Raga chi ha voglia di farmi un breve riassunto di quello che ha detto Parrucca a Sky? Non sono riuscito a vederlo


----------



## David Drills (9 Dicembre 2020)

Andris ha scritto:


> ha detto alla moglie di Leonardo che sia una cretina



Sul serio? Testuale?


----------



## Le Grand Milan (9 Dicembre 2020)

Lambro ha scritto:


> This, sono morto dal ridere
> Anche la risposta ad un Capello piccato "senti ma tu visto che vi studiano non ce l'hai un piano b per ribaltare le cose?" mi ha fatto morire.

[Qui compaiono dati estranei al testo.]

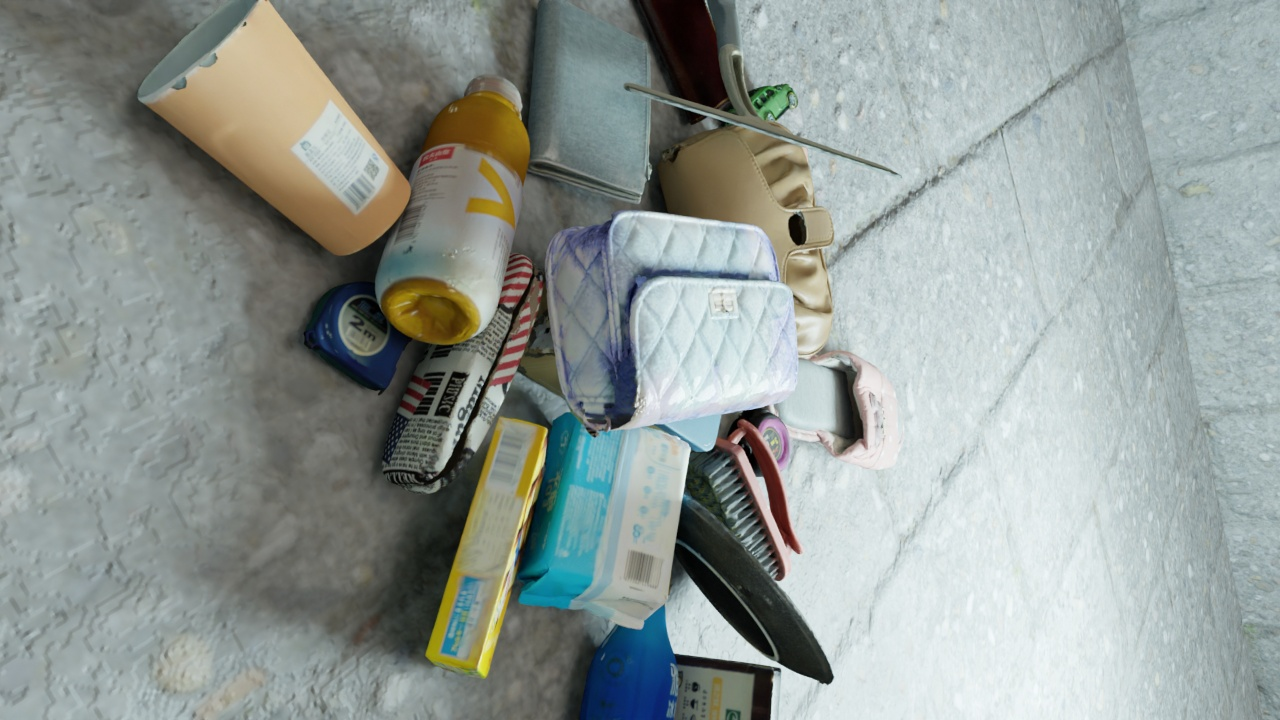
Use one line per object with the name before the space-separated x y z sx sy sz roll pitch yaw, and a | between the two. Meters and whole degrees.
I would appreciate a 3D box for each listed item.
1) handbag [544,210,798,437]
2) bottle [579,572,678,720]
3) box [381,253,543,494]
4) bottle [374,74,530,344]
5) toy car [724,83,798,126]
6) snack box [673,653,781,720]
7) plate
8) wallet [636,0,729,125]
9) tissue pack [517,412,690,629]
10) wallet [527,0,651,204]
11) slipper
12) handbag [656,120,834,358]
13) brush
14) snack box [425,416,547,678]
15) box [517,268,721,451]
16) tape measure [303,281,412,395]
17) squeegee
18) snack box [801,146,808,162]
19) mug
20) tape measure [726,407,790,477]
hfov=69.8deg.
handbag | 0.029 -0.027 0.612 0.193 0.076 0.134 -6 89 -49
bottle | -0.010 0.249 0.621 0.065 0.065 0.218 30 63 -43
box | -0.101 0.007 0.554 0.057 0.071 0.164 32 62 -18
bottle | -0.105 -0.099 0.549 0.068 0.068 0.189 41 42 -38
toy car | 0.111 -0.233 0.849 0.091 0.043 0.036 -45 117 -43
snack box | 0.048 0.267 0.640 0.053 0.126 0.113 26 65 -46
plate | 0.066 0.166 0.659 0.024 0.179 0.179 -37 115 -14
wallet | 0.044 -0.276 0.799 0.096 0.020 0.122 -47 118 -48
tissue pack | -0.025 0.102 0.615 0.090 0.063 0.139 19 66 -21
wallet | -0.036 -0.188 0.680 0.106 0.037 0.129 13 73 -37
slipper | 0.204 0.046 0.907 0.274 0.055 0.114 17 71 -46
handbag | 0.095 -0.098 0.765 0.147 0.100 0.204 -11 90 -41
brush | 0.090 0.121 0.753 0.069 0.063 0.146 -34 113 -21
snack box | -0.087 0.112 0.541 0.034 0.087 0.140 16 67 0
box | -0.004 0.004 0.671 0.184 0.060 0.089 31 62 -40
tape measure | -0.159 -0.017 0.520 0.058 0.025 0.054 45 51 -41
squeegee | 0.079 -0.257 0.772 0.246 0.039 0.246 10 51 -25
snack box | 0.135 -0.129 0.875 0.084 0.026 0.157 -4 88 -49
mug | -0.180 -0.116 0.475 0.123 0.078 0.078 49 51 -38
tape measure | 0.101 0.073 0.797 0.058 0.039 0.056 50 50 -26
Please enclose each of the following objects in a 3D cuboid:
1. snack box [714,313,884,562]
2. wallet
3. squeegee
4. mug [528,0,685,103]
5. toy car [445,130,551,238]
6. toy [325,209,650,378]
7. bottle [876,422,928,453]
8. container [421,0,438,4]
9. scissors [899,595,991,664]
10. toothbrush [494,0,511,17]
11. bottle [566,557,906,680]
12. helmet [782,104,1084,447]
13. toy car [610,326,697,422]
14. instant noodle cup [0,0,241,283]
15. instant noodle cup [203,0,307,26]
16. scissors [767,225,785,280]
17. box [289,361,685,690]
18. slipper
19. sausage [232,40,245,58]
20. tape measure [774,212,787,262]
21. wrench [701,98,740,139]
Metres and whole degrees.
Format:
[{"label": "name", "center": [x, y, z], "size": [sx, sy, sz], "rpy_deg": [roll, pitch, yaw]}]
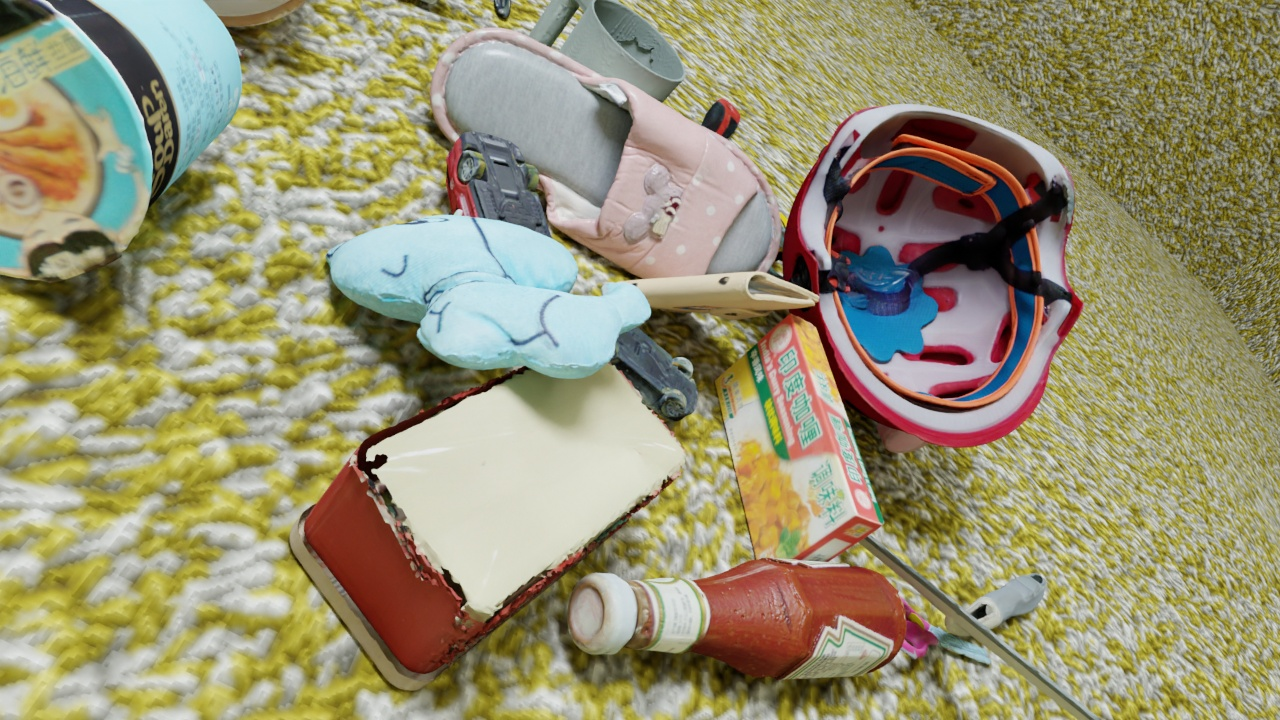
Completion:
[{"label": "snack box", "center": [0.093, 0.052, 0.567], "size": [0.027, 0.077, 0.155], "rpy_deg": [23, 39, -31]}, {"label": "wallet", "center": [0.050, -0.041, 0.600], "size": [0.087, 0.115, 0.024], "rpy_deg": [3, 87, -46]}, {"label": "squeegee", "center": [0.242, 0.171, 0.638], "size": [0.246, 0.039, 0.246], "rpy_deg": [39, 15, 33]}, {"label": "mug", "center": [-0.041, -0.213, 0.680], "size": [0.083, 0.104, 0.124], "rpy_deg": [-9, 60, -52]}, {"label": "toy car", "center": [-0.081, -0.078, 0.541], "size": [0.052, 0.045, 0.120], "rpy_deg": [3, 58, -44]}, {"label": "toy", "center": [-0.077, -0.038, 0.441], "size": [0.161, 0.050, 0.156], "rpy_deg": [1, 27, -3]}, {"label": "bottle", "center": [0.199, -0.014, 0.774], "size": [0.068, 0.068, 0.196], "rpy_deg": [23, 43, -31]}, {"label": "container", "center": [-0.190, -0.329, 0.653], "size": [0.114, 0.090, 0.090], "rpy_deg": [4, 51, -42]}, {"label": "scissors", "center": [0.192, 0.178, 0.604], "size": [0.135, 0.017, 0.063], "rpy_deg": [26, 25, -36]}, {"label": "toothbrush", "center": [-0.123, -0.356, 0.825], "size": [0.015, 0.018, 0.180], "rpy_deg": [27, 38, -32]}, {"label": "bottle", "center": [0.054, 0.128, 0.460], "size": [0.205, 0.060, 0.059], "rpy_deg": [14, 44, -39]}, {"label": "helmet", "center": [0.196, -0.053, 0.675], "size": [0.207, 0.144, 0.240], "rpy_deg": [6, 81, -11]}, {"label": "toy car", "center": [-0.003, 0.003, 0.552], "size": [0.090, 0.034, 0.042], "rpy_deg": [38, 31, -17]}, {"label": "instant noodle cup", "center": [-0.222, -0.105, 0.368], "size": [0.111, 0.111, 0.120], "rpy_deg": [35, 25, -16]}, {"label": "instant noodle cup", "center": [-0.229, -0.263, 0.490], "size": [0.151, 0.152, 0.111], "rpy_deg": [15, 52, -39]}, {"label": "scissors", "center": [0.054, -0.120, 0.739], "size": [0.169, 0.019, 0.173], "rpy_deg": [-8, 62, -36]}, {"label": "box", "center": [-0.051, 0.055, 0.399], "size": [0.091, 0.080, 0.167], "rpy_deg": [50, 33, 8]}, {"label": "slipper", "center": [-0.012, -0.128, 0.621], "size": [0.274, 0.114, 0.054], "rpy_deg": [28, 10, -23]}, {"label": "sausage", "center": [-0.269, -0.167, 0.448], "size": [0.155, 0.020, 0.020], "rpy_deg": [0, 55, -49]}, {"label": "tape measure", "center": [0.102, -0.108, 0.792], "size": [0.057, 0.029, 0.060], "rpy_deg": [-10, 61, -31]}, {"label": "wrench", "center": [0.056, -0.207, 0.866], "size": [0.056, 0.016, 0.272], "rpy_deg": [44, 33, -5]}]

Ammazza che spettacolo! Peccato che che non posso vedere sto infame piangere, grazie comunque per il riassunto
Poi c'è il grande Capello che lo riprende con un tiro al volo alla Van Basten


----------



## Andris (9 Dicembre 2020)

David Drills ha scritto:


> Sul serio? Testuale?



gli ha chiesto perchè in estate ha vinto in goleada e due volte nel girone ora zero reti,lui ha risposto di usare il cervello prima di fare domande giustificandosi che gli ucraini hanno fatto solo difesa


----------



## Roten1896 (9 Dicembre 2020)

vannu994 ha scritto:


> Raga chi ha voglia di farmi un breve riassunto di quello che ha detto Parrucca a Sky? Non sono riuscito a vederlo



*Allora è mancata la voglia a questa squadra?
*_Eeeeeeehhhh no no no non lo accetto, la squadra ci ha messo tutto, il portiere avversario migliore in campo sia all'andata che al ritorno

_*Allora è mancata la qualità?
*_Eeeeeehhhhh non si può dire così a caldo, possiamo dire che non siamo stati per niente fortunati, e adesso posso dirlo che anche gli arbitri non hanno avuto rispetto dell'Inter, anche nelle altre partite._

*In Europa League qualche mese fa gliene avete fatti cinque allo Shakthar
*_Eeeeehhhhhh ma cosa c'entra ci hanno affrontato in modo totalmente diverso, hanno SNATURATO il loro modo di giocare solo per PARARSI contro di noi, come fanno tutti (COMPLOTTO!), tutti ci studiano per pararsi contro di noi. 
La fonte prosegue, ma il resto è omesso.